PROBLEM:
This exercise asks for every line of the material that contains the word "pitch".

EXCERPTED RECORDS:
┄┄┄┄┄┄┄┄┄┄
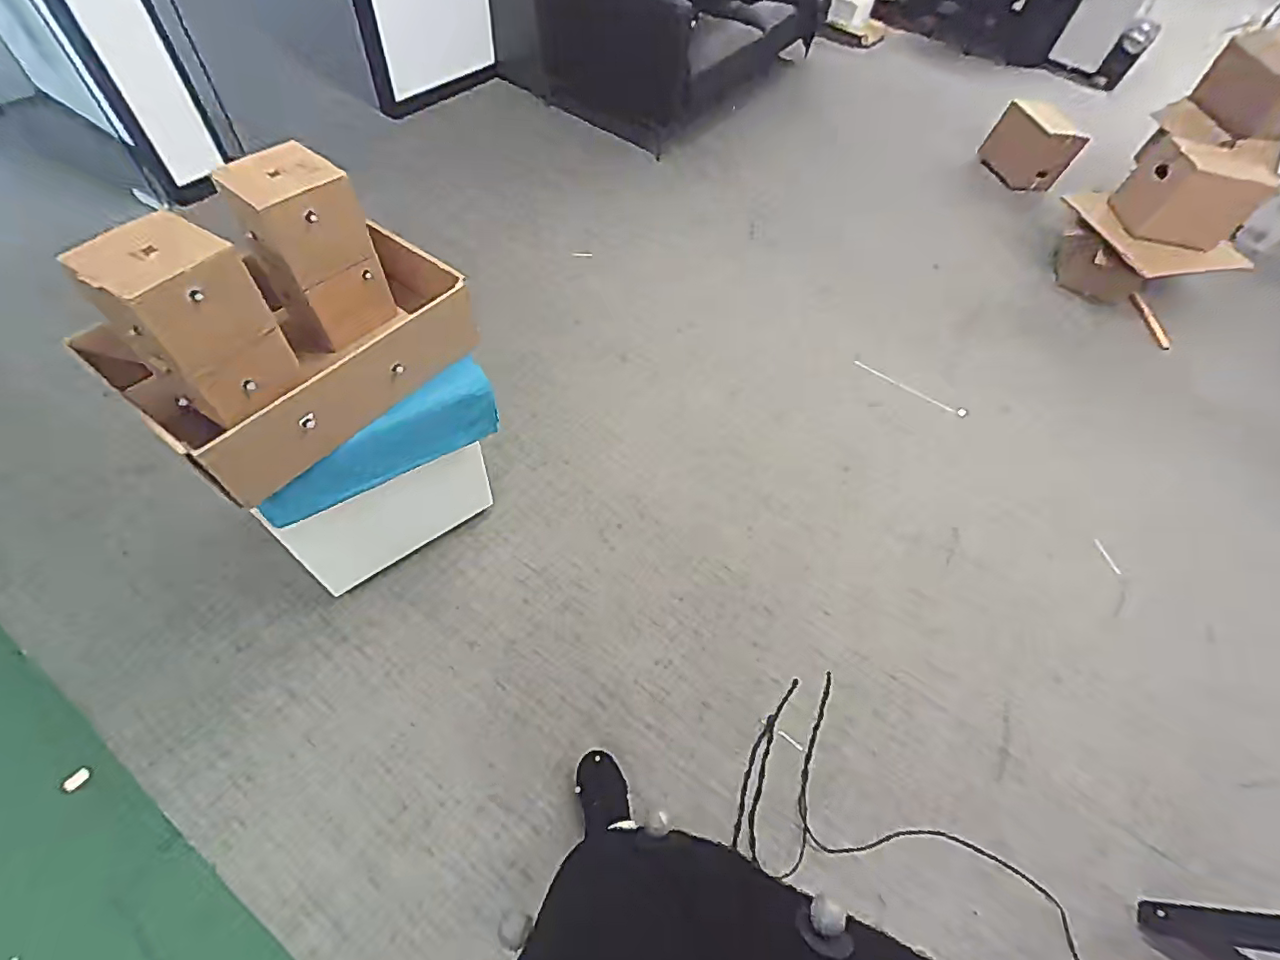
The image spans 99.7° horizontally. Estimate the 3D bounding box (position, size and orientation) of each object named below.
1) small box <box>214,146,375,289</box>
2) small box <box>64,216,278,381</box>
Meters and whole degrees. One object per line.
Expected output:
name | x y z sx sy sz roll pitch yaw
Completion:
small box | -0.656 -0.504 1.048 0.168 0.176 0.179 36 60 17
small box | -0.759 -0.297 0.899 0.168 0.176 0.179 28 57 13
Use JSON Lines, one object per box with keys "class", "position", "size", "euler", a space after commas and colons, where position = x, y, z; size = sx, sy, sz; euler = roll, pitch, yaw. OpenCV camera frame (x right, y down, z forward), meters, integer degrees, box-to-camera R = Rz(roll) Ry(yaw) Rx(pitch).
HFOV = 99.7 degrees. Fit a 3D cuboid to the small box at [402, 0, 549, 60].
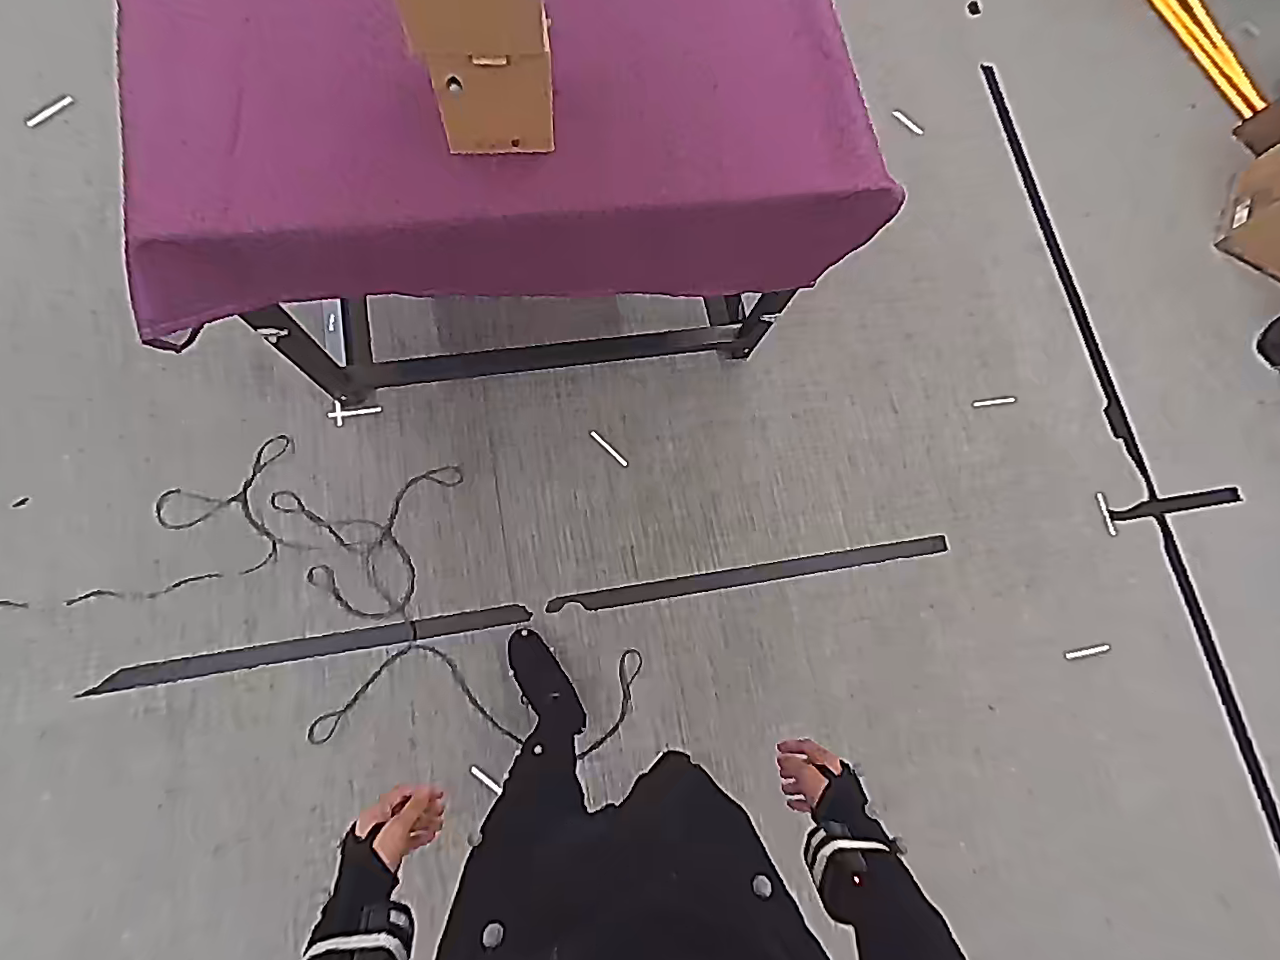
{"class": "small box", "position": [-0.208, -0.654, 0.657], "size": [0.179, 0.176, 0.168], "euler": [-6, 78, -9]}
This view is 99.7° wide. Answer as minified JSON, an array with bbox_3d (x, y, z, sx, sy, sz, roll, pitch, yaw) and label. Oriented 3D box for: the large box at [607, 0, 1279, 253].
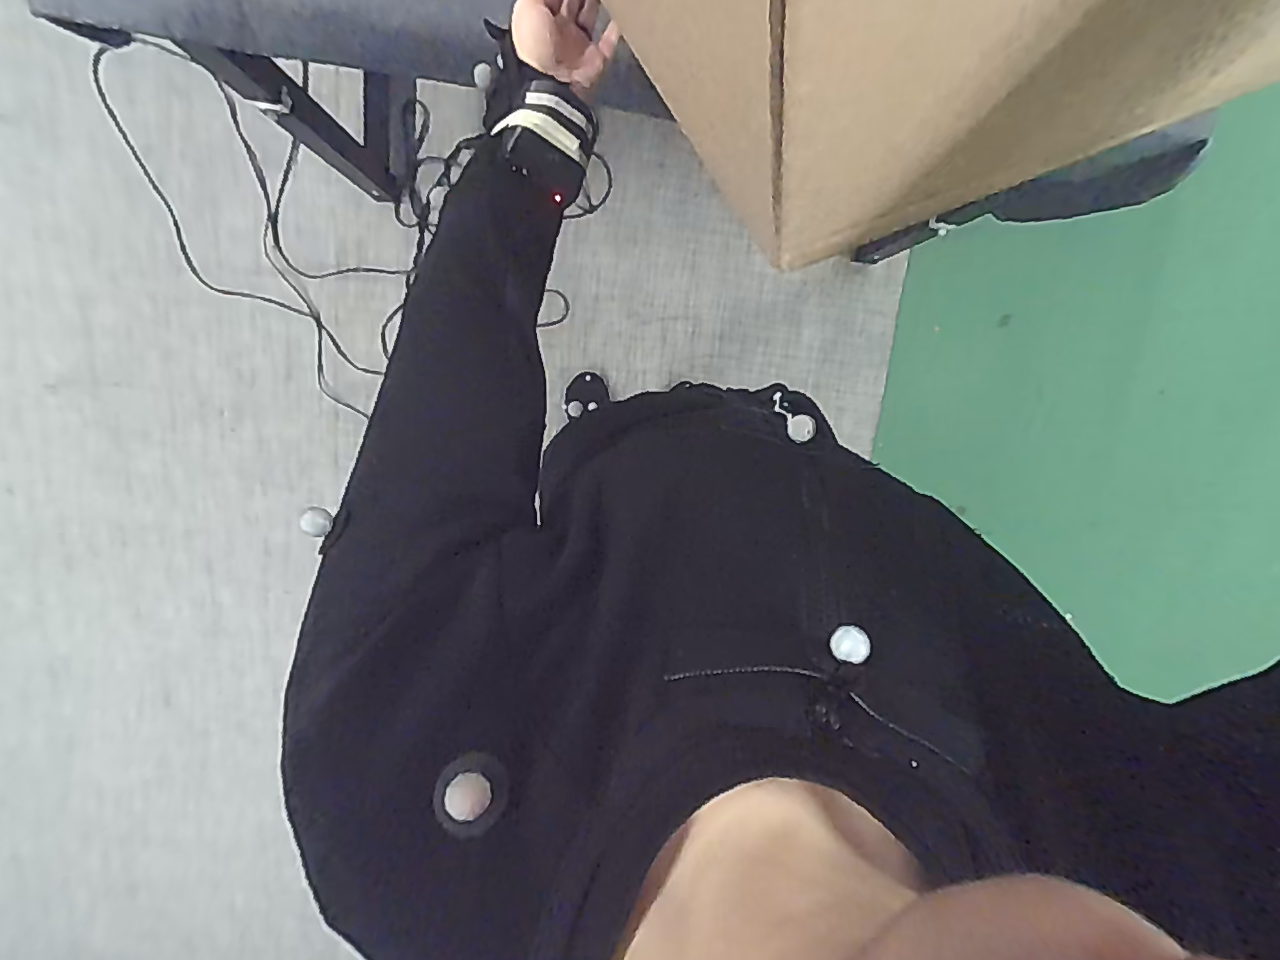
┄┄┄┄┄┄┄┄┄┄
RESULT OF THIS TASK:
name | x y z sx sy sz roll pitch yaw
Use JSON Lines, one object per box with keys "class", "position", "size", "euler", a space after commas and colons, where position = x, y, z; size = sx, sy, sz; euler = roll, pitch, yaw. OpenCV camera frame (x right, y down, z forward), meters, integer degrees, box-to-camera R = Rz(roll) Ry(yaw) Rx(pitch).
This view is 99.7° wide. Answer as minified JSON, an array with bbox_3d (x, y, z, sx, sy, sz, roll, pitch, yaw) and label. Oriented 3D box for: the large box at [607, 0, 1279, 253].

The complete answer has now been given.